Use this flexible template to reflect and help document underlying assumptions, potential risks, and implications of using your dataset.
AI practitioners find themselves balancing the pressures of delivering to meet business goals and the time requirements necessary for the responsible development and evaluation of AI systems. Examining these tensions across three technology companies, researchers conducted interviews and workshops to learn what practitioners need for measuring and mitigating AI fairness issues amid time pressure to release AI-infused products to wider geographic markets and for more diverse groups of people. Participants disclosed challenges in collecting appropriate datasets and finding the right metrics for evaluating how fairly their system will perform when they can’t identify direct stakeholders and demographic groups who will be affected by the AI system in rapidly broadening markets. For example, hate speech detection may not be adequate across cultures or languages. A look at what goes into AI practitioners’ decisions around what, when, and how to evaluate AI systems that use natural language generation (NLG) further emphasizes that when practitioners don’t have clarity about deployment settings, they’re limited in projecting failures that could cause individual or societal harm. Beyond concerns for detecting toxic speech, other issues of fairness and inclusiveness—for example, erasure of minority groups’ distinctive linguistic expression—are rarely a consideration in practitioners’ evaluations.

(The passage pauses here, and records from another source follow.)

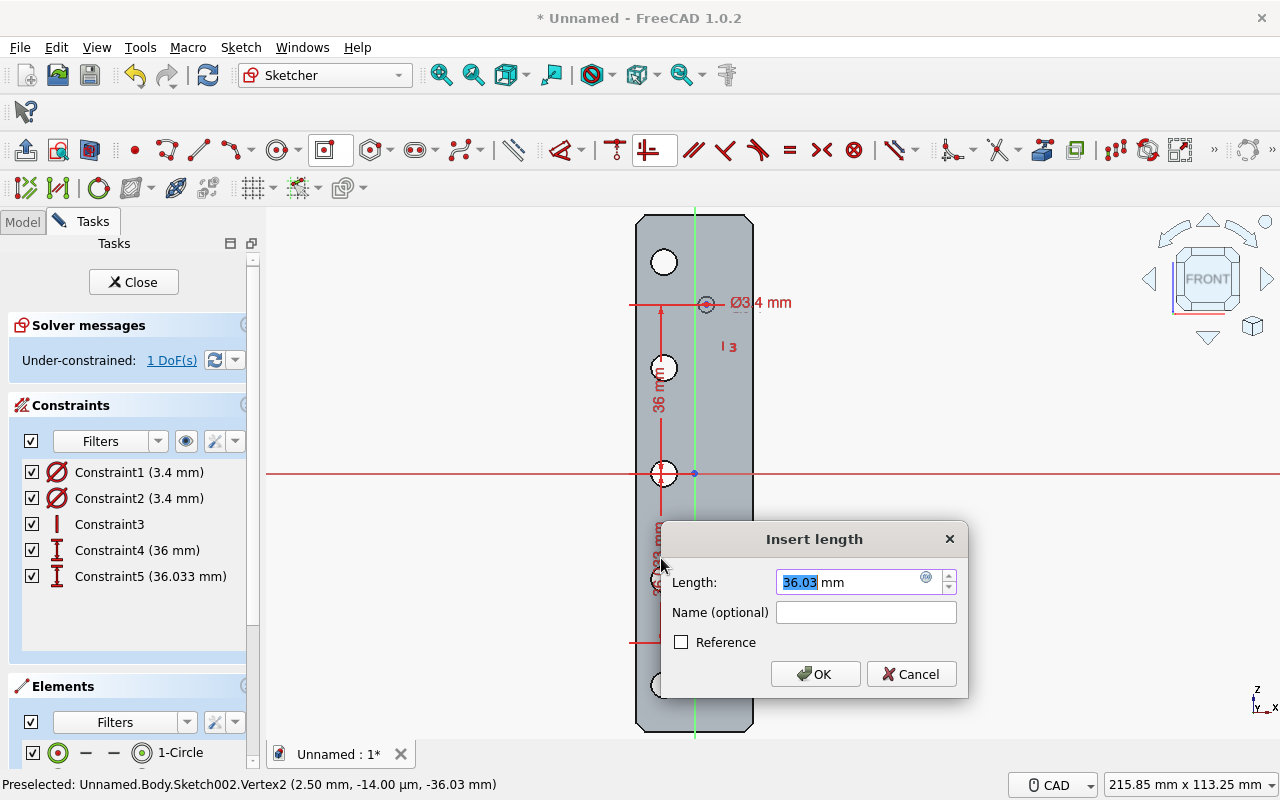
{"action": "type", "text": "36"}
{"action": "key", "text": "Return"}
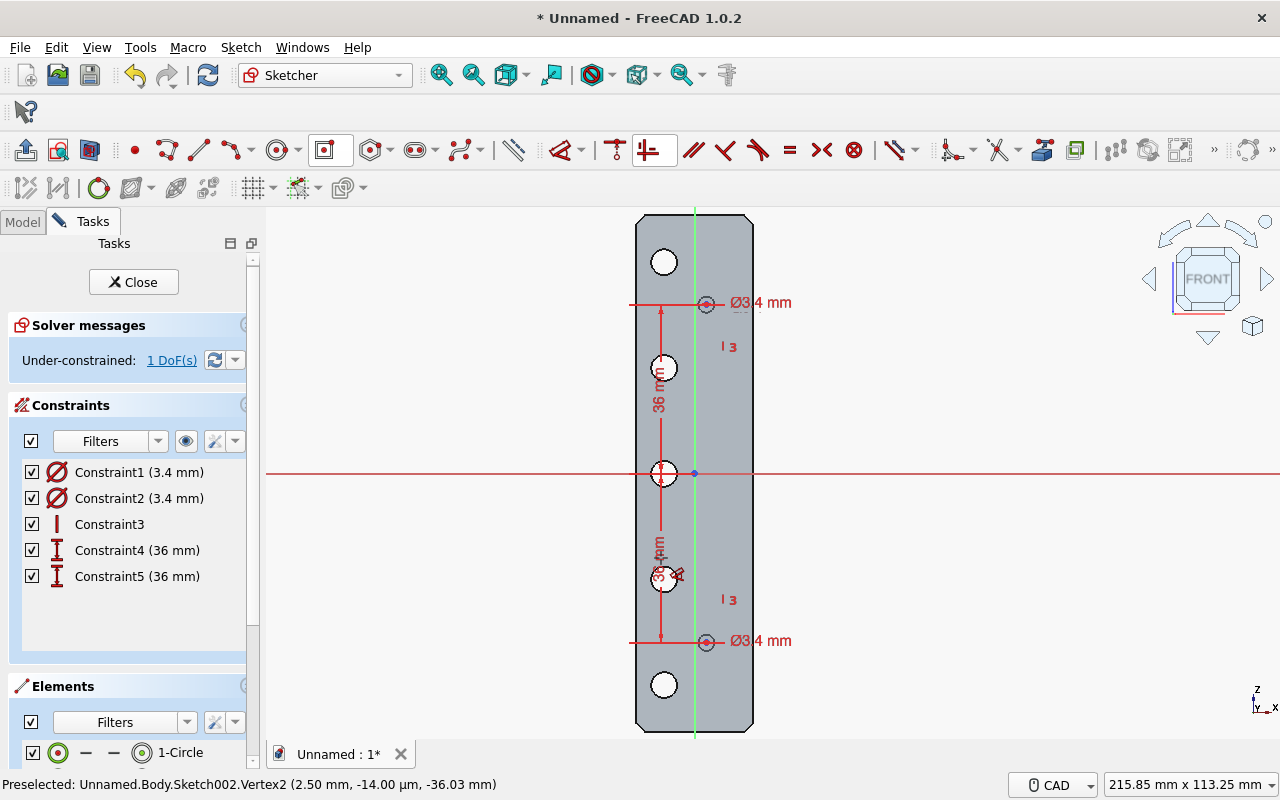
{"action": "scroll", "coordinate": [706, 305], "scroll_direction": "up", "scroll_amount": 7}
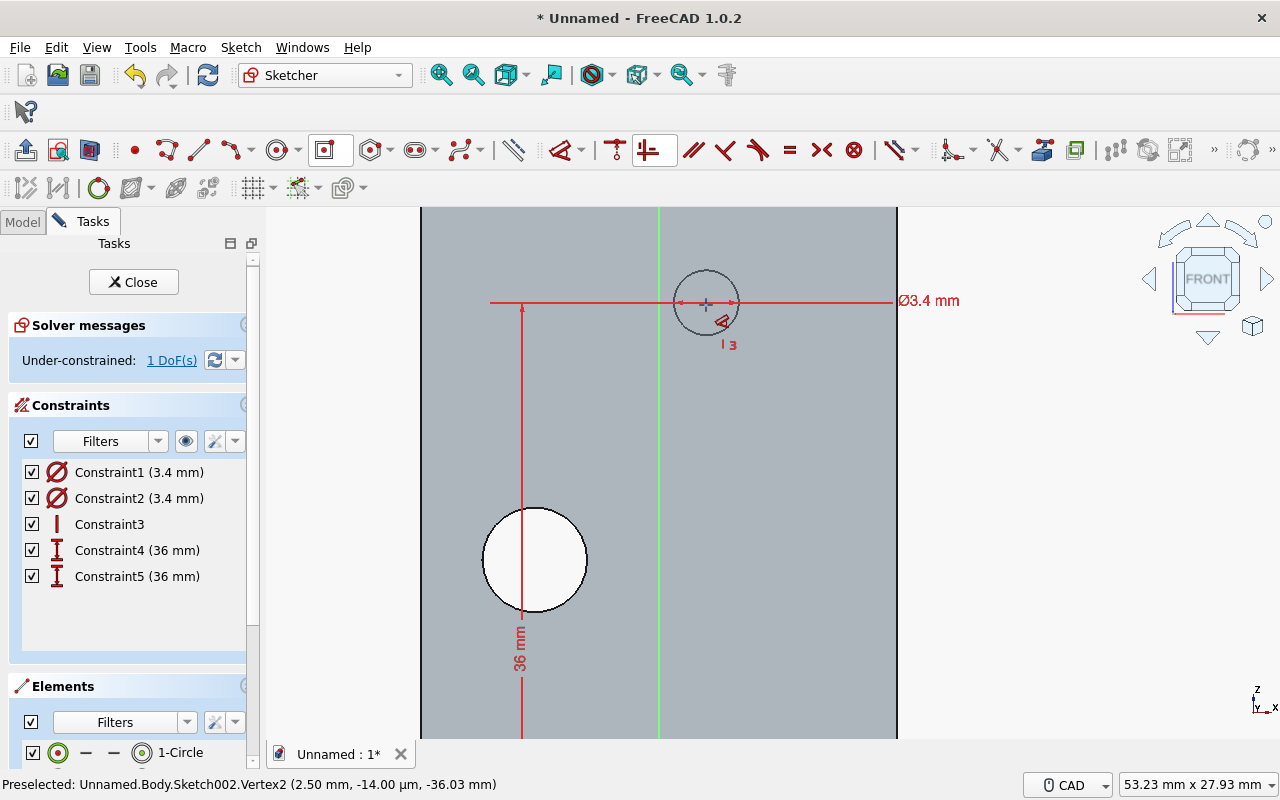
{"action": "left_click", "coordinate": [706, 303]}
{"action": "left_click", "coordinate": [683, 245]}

Coping with time constraints and competing business objectives is a reality for teams deploying AI systems. There are many opportunities for developing integrated tools that can prompt AI practitioners to think through potential risks and mitigations for sociotechnical systems.
Related papers
- Deconstructing NLG Evaluation: Evaluation Practices, Assumptions, and Their Implications
- Understanding Machine Learning Practitioners’ Data Documentation Perceptions, Needs, Challenges, and Desiderata
- Assessing the Fairness of AI Systems: AI Practitioners’ Processes, Challenges, and Needs for Support
Thinking about it: Reflexivity as an essential for society and industry goals
As we continue to envision what all is possible with AI’s potential, one thing is clear: developing AI designed with the needs of people in mind requires reflexivity. We have been thinking about human-centered AI as being focused on users and stakeholders. Understanding who we are designing for, empowering human agency, improving human-AI interaction, and developing harm mitigation tools and techniques are as important as ever. But we also need to turn a mirror toward ourselves as AI creators. What values and assumptions do we bring to the table? Whose values get to be included and whose are left out? How do these values and assumptions influence what we build, how we build, and for whom? How can we navigate complex and demanding organizational pressures as we endeavor to create responsible AI? With technologies as powerful as AI, we can’t afford to be focused solely on progress for its own sake. While we work to evolve AI technologies at a fast pace, we need to pause and reflect on what it is that we are advancing—and for whom.